What is required
Exactly as written, write out the lines below from the first to the one containing "Use lines of", inclusive. Pictures do not belong in the copy.

*** Recorded information ***

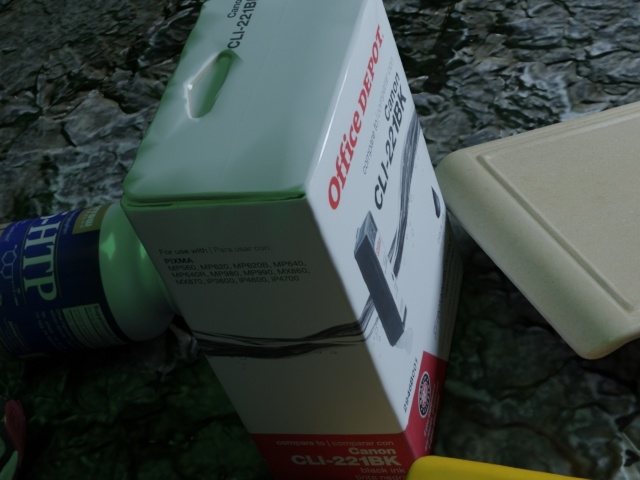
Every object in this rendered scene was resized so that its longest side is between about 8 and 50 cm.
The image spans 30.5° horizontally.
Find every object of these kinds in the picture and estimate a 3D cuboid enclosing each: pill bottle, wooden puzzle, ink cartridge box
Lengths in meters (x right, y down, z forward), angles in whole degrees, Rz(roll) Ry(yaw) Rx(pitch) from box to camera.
[{"bbox_3d":[-0.172,0.028,0.918,0.187,0.112,0.112,-10,44,14],"label":"pill bottle"},{"bbox_3d":[0.230,-0.021,0.818,0.239,0.044,0.221,-20,41,-14],"label":"wooden puzzle"},{"bbox_3d":[0.000,0.000,0.749,0.114,0.272,0.197,-3,46,21],"label":"ink cartridge box"}]

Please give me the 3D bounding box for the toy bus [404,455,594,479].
[{"bbox_3d":[0.139,0.194,0.597,0.333,0.130,0.108,4,49,27],"label":"toy bus"}]

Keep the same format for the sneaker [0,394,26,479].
[{"bbox_3d":[-0.356,0.177,0.848,0.299,0.112,0.120,-18,42,5],"label":"sneaker"}]
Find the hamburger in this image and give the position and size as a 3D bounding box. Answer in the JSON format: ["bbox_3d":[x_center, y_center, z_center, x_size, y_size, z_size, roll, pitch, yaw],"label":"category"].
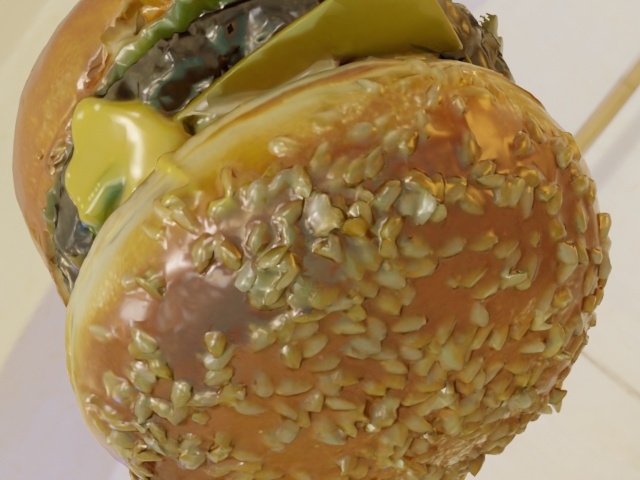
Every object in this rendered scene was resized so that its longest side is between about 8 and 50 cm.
[{"bbox_3d":[0.000,0.000,0.673,0.291,0.225,0.291,-15,-44,-16],"label":"hamburger"}]
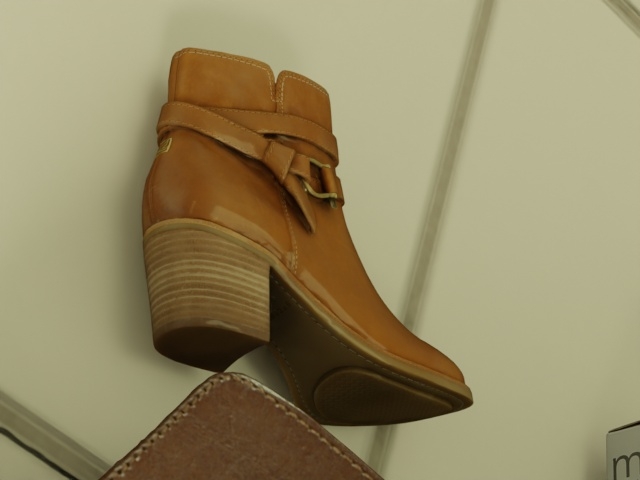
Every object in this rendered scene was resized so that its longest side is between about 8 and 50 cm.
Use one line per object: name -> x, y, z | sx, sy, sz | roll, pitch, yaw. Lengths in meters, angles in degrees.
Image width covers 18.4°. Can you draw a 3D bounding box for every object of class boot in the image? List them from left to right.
boot -> 0.000, 0.000, 0.940 | 0.197, 0.073, 0.152 | 26, 52, -40

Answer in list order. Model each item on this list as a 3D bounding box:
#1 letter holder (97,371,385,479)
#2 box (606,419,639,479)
letter holder -> 0.033, 0.192, 0.764 | 0.302, 0.152, 0.214 | 44, 42, 3
box -> 0.278, 0.236, 1.085 | 0.262, 0.126, 0.231 | 29, 54, -39
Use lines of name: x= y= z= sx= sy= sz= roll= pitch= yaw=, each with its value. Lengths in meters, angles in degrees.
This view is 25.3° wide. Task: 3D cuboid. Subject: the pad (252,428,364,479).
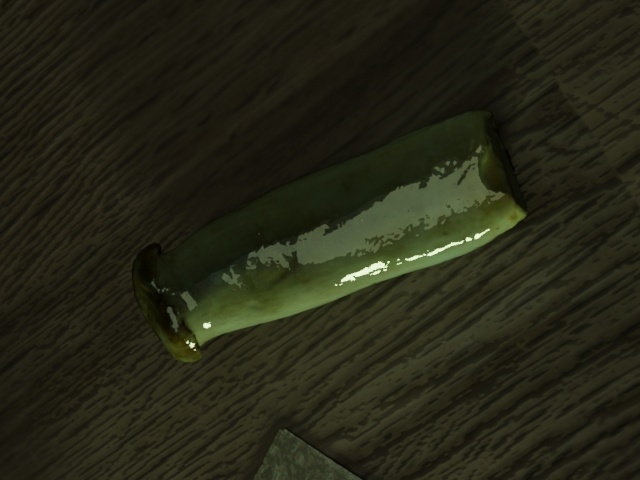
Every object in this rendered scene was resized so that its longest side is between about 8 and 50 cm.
pad: x=0.031 y=0.272 z=1.110 sx=0.235 sy=0.003 sz=0.158 roll=31 pitch=103 yaw=15

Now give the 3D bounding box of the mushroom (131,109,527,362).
mushroom: x=0.000 y=0.000 z=1.068 sx=0.312 sy=0.081 sz=0.100 roll=-23 pitch=89 yaw=15
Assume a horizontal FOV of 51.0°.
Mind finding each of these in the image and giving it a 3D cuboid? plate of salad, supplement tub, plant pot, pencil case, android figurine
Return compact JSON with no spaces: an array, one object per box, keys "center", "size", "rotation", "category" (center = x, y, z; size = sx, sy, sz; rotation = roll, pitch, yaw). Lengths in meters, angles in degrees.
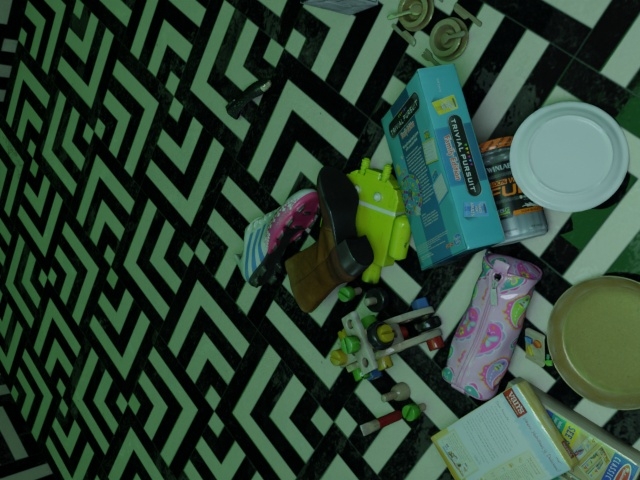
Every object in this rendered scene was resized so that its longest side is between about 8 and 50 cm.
[{"center":[0.438,-0.147,1.190],"size":[0.199,0.048,0.200],"rotation":[-1,84,12],"category":"plate of salad"},{"center":[0.347,-0.091,1.257],"size":[0.117,0.117,0.191],"rotation":[-19,82,41],"category":"supplement tub"},{"center":[0.520,0.178,1.185],"size":[0.236,0.032,0.237],"rotation":[5,98,42],"category":"plant pot"},{"center":[0.327,0.162,1.298],"size":[0.124,0.124,0.284],"rotation":[30,114,36],"category":"pencil case"},{"center":[0.106,-0.047,1.521],"size":[0.248,0.056,0.273],"rotation":[26,112,38],"category":"android figurine"}]

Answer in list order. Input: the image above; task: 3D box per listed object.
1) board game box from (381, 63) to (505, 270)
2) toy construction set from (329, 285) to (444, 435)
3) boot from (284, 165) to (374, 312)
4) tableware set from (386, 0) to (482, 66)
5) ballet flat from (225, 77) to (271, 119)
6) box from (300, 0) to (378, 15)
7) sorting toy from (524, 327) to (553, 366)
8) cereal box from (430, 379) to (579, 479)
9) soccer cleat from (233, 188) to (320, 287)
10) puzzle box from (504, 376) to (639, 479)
[{"center":[0.226,-0.129,1.299],"size":[0.254,0.079,0.336],"rotation":[134,123,-75],"category":"board game box"},{"center":[0.105,0.262,1.426],"size":[0.257,0.237,0.309],"rotation":[-2,93,42],"category":"toy construction set"},{"center":[0.000,0.000,1.553],"size":[0.280,0.096,0.264],"rotation":[-41,68,51],"category":"boot"},{"center":[0.224,-0.447,1.385],"size":[0.194,0.039,0.128],"rotation":[50,124,26],"category":"tableware set"},{"center":[-0.184,-0.375,1.763],"size":[0.173,0.057,0.049],"rotation":[-25,118,41],"category":"ballet flat"},{"center":[0.030,-0.656,1.457],"size":[0.087,0.169,0.290],"rotation":[-4,93,44],"category":"box"},{"center":[0.412,0.206,1.269],"size":[0.083,0.012,0.062],"rotation":[-151,58,-68],"category":"sorting toy"},{"center":[0.344,0.399,1.283],"size":[0.240,0.047,0.173],"rotation":[-44,65,35],"category":"cereal box"},{"center":[-0.125,-0.027,1.686],"size":[0.143,0.116,0.331],"rotation":[51,124,26],"category":"soccer cleat"},{"center":[0.415,0.508,1.297],"size":[0.272,0.052,0.409],"rotation":[30,113,35],"category":"puzzle box"}]
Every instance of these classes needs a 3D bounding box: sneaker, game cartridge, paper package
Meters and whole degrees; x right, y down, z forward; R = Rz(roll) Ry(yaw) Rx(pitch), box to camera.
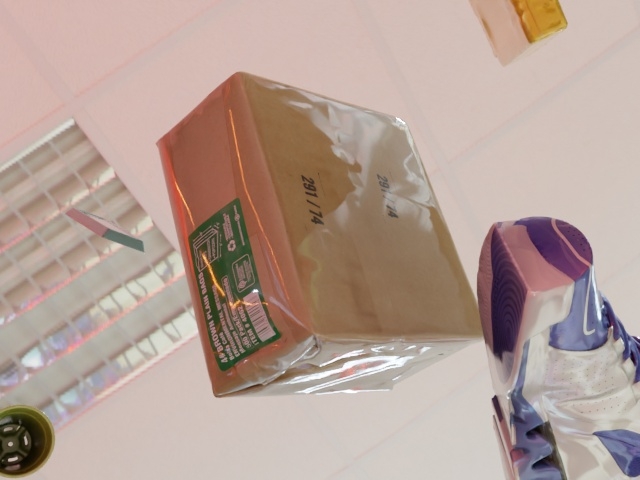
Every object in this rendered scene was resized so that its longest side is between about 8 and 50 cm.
[{"bbox_3d":[0.236,0.108,0.657,0.182,0.127,0.315,-11,-53,3],"label":"sneaker"},{"bbox_3d":[0.155,-0.346,0.831,0.053,0.285,0.323,-22,-86,9],"label":"game cartridge"},{"bbox_3d":[0.000,0.000,0.910,0.309,0.324,0.168,7,-34,-43],"label":"paper package"}]

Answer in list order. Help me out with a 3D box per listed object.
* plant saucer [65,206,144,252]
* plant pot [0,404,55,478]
[{"bbox_3d":[-0.317,-0.019,1.157,0.067,0.192,0.018,23,-90,-35],"label":"plant saucer"},{"bbox_3d":[-0.367,0.242,0.944,0.083,0.079,0.083,8,-108,-25],"label":"plant pot"}]
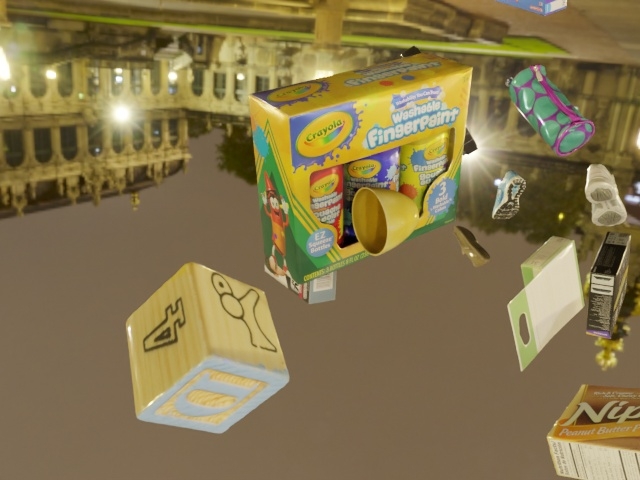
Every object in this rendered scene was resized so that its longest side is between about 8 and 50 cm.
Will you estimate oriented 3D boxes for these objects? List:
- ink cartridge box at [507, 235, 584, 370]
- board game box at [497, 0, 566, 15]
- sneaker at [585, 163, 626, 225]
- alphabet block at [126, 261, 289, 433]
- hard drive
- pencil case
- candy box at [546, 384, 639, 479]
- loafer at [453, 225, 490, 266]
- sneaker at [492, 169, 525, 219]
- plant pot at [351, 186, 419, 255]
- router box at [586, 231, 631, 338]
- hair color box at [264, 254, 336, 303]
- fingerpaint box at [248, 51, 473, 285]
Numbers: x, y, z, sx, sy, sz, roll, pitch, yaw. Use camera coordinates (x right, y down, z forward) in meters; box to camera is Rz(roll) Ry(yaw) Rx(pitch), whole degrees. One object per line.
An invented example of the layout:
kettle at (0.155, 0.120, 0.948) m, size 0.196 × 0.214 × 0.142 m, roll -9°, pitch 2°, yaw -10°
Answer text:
ink cartridge box at (0.437, 0.123, 1.182) m, size 0.235 × 0.171 × 0.056 m, roll -34°, pitch -151°, yaw -26°
board game box at (0.544, -0.793, 1.653) m, size 0.078 × 0.233 × 0.347 m, roll -23°, pitch -141°, yaw -14°
sneaker at (0.785, -0.128, 1.620) m, size 0.090 × 0.232 × 0.115 m, roll -7°, pitch -125°, yaw 28°
alphabet block at (-0.198, 0.189, 1.018) m, size 0.192 × 0.193 × 0.197 m, roll 31°, pitch -152°, yaw -43°
hard drive at (0.390, -0.457, 1.927) m, size 0.064 × 0.339 × 0.237 m, roll -31°, pitch -151°, yaw 13°
pencil case at (0.340, -0.197, 0.877) m, size 0.064 × 0.070 × 0.152 m, roll -17°, pitch -127°, yaw -6°
candy box at (0.571, 0.332, 0.984) m, size 0.316 × 0.088 × 0.182 m, roll -9°, pitch -167°, yaw 46°
loafer at (0.418, 0.017, 1.667) m, size 0.056 × 0.050 × 0.148 m, roll 8°, pitch -141°, yaw -37°
sneaker at (0.520, -0.126, 1.642) m, size 0.063 × 0.162 × 0.073 m, roll 3°, pitch -137°, yaw -10°
plant pot at (0.135, -0.044, 1.155) m, size 0.095 × 0.134 × 0.134 m, roll -11°, pitch -158°, yaw -24°
router box at (0.981, 0.144, 2.003) m, size 0.080 × 0.243 × 0.309 m, roll 9°, pitch -149°, yaw 33°
hair color box at (-0.081, 0.078, 2.168) m, size 0.113 × 0.186 × 0.374 m, roll -6°, pitch -162°, yaw -28°
fingerpaint box at (0.095, -0.160, 1.246) m, size 0.444 × 0.371 × 0.163 m, roll -20°, pitch -143°, yaw -27°
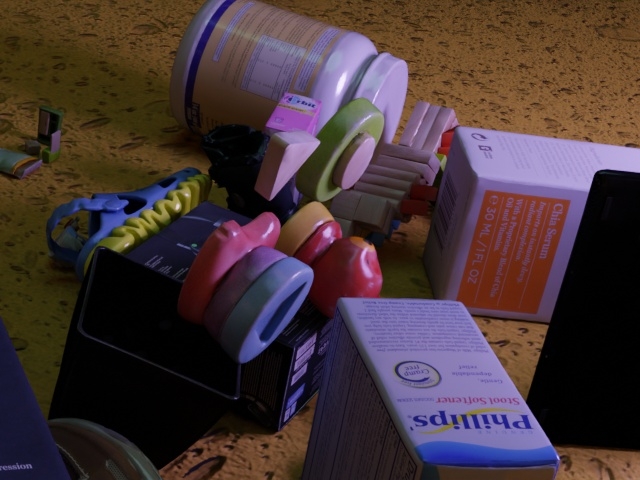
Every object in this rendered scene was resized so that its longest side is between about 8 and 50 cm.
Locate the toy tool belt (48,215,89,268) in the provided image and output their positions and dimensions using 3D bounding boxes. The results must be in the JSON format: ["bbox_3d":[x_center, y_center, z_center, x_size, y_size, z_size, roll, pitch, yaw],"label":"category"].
[{"bbox_3d":[-0.337,0.009,2.019,0.051,0.052,0.083,43,28,-15],"label":"toy tool belt"}]

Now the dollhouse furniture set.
[{"bbox_3d":[-0.445,-0.152,2.249,0.076,0.058,0.151,20,29,15],"label":"dollhouse furniture set"}]

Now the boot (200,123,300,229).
[{"bbox_3d":[-0.058,-0.042,2.028,0.094,0.207,0.246,-39,47,-19],"label":"boot"}]

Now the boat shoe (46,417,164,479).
[{"bbox_3d":[-0.210,0.288,1.474,0.324,0.123,0.116,31,36,34],"label":"boat shoe"}]

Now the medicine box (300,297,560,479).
[{"bbox_3d":[0.098,0.243,1.517,0.149,0.263,0.289,1,30,-19],"label":"medicine box"}]

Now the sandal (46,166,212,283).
[{"bbox_3d":[-0.256,-0.032,1.997,0.138,0.126,0.317,25,27,17],"label":"sandal"}]

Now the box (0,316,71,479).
[{"bbox_3d":[-0.408,0.240,1.337,0.293,0.212,0.395,0,34,-29],"label":"box"}]

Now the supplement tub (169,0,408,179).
[{"bbox_3d":[-0.049,-0.244,2.381,0.331,0.241,0.241,20,29,15],"label":"supplement tub"}]

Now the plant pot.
[{"bbox_3d":[-0.209,0.149,1.645,0.188,0.167,0.187,26,25,-15],"label":"plant pot"}]

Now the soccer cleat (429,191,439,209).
[{"bbox_3d":[0.230,-0.060,2.327,0.060,0.072,0.179,-11,36,-36],"label":"soccer cleat"}]

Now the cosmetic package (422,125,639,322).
[{"bbox_3d":[0.398,-0.007,2.132,0.453,0.230,0.161,6,29,-10],"label":"cosmetic package"}]

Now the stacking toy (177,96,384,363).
[{"bbox_3d":[0.000,0.000,1.642,0.130,0.279,0.309,37,29,15],"label":"stacking toy"}]

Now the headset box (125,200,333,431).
[{"bbox_3d":[-0.112,0.084,1.868,0.283,0.131,0.246,21,30,17],"label":"headset box"}]

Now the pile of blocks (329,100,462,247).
[{"bbox_3d":[0.137,-0.069,2.221,0.112,0.149,0.362,14,41,28],"label":"pile of blocks"}]

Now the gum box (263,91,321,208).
[{"bbox_3d":[-0.053,-0.110,2.197,0.062,0.188,0.107,16,36,6],"label":"gum box"}]

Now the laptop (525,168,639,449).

*** End of Recorded information ***

Solution for this task
Every object in this rendered scene was resized so that its longest side is between about 8 and 50 cm.
The image spans 30.5° horizontally.
Find every object of these kinds in the picture and estimate a 3D cuboid enclosing each: pill bottle, wooden puzzle, ink cartridge box
Lengths in meters (x right, y down, z forward), angles in whole degrees, Rz(roll) Ry(yaw) Rx(pitch) from box to camera.
[{"bbox_3d":[-0.172,0.028,0.918,0.187,0.112,0.112,-10,44,14],"label":"pill bottle"},{"bbox_3d":[0.230,-0.021,0.818,0.239,0.044,0.221,-20,41,-14],"label":"wooden puzzle"},{"bbox_3d":[0.000,0.000,0.749,0.114,0.272,0.197,-3,46,21],"label":"ink cartridge box"}]

Please give me the 3D bounding box for the toy bus [404,455,594,479].
[{"bbox_3d":[0.139,0.194,0.597,0.333,0.130,0.108,4,49,27],"label":"toy bus"}]

Keep the same format for the sneaker [0,394,26,479].
[{"bbox_3d":[-0.356,0.177,0.848,0.299,0.112,0.120,-18,42,5],"label":"sneaker"}]
Find the hamburger in this image and give the position and size as a 3D bounding box. Answer in the JSON format: ["bbox_3d":[x_center, y_center, z_center, x_size, y_size, z_size, roll, pitch, yaw],"label":"category"].
Every object in this rendered scene was resized so that its longest side is between about 8 and 50 cm.
[{"bbox_3d":[0.000,0.000,0.673,0.291,0.225,0.291,-15,-44,-16],"label":"hamburger"}]
Every object in this rendered scene was resized so that its longest side is between about 8 and 50 cm.
Use one line per object: name -> x, y, z | sx, sy, sz | roll, pitch, yaw. Lengths in meters, angles in degrees.
Image width covers 18.4°. Can you draw a 3D bounding box for every object of class boot in the image? List them from left to right.
boot -> 0.000, 0.000, 0.940 | 0.197, 0.073, 0.152 | 26, 52, -40

Answer in list order. Model each item on this list as a 3D bounding box:
#1 letter holder (97,371,385,479)
#2 box (606,419,639,479)
letter holder -> 0.033, 0.192, 0.764 | 0.302, 0.152, 0.214 | 44, 42, 3
box -> 0.278, 0.236, 1.085 | 0.262, 0.126, 0.231 | 29, 54, -39
Use lines of name: x= y= z= sx= sy= sz= roll= pitch= yaw=, each with its value. Lengths in meters, angles in degrees.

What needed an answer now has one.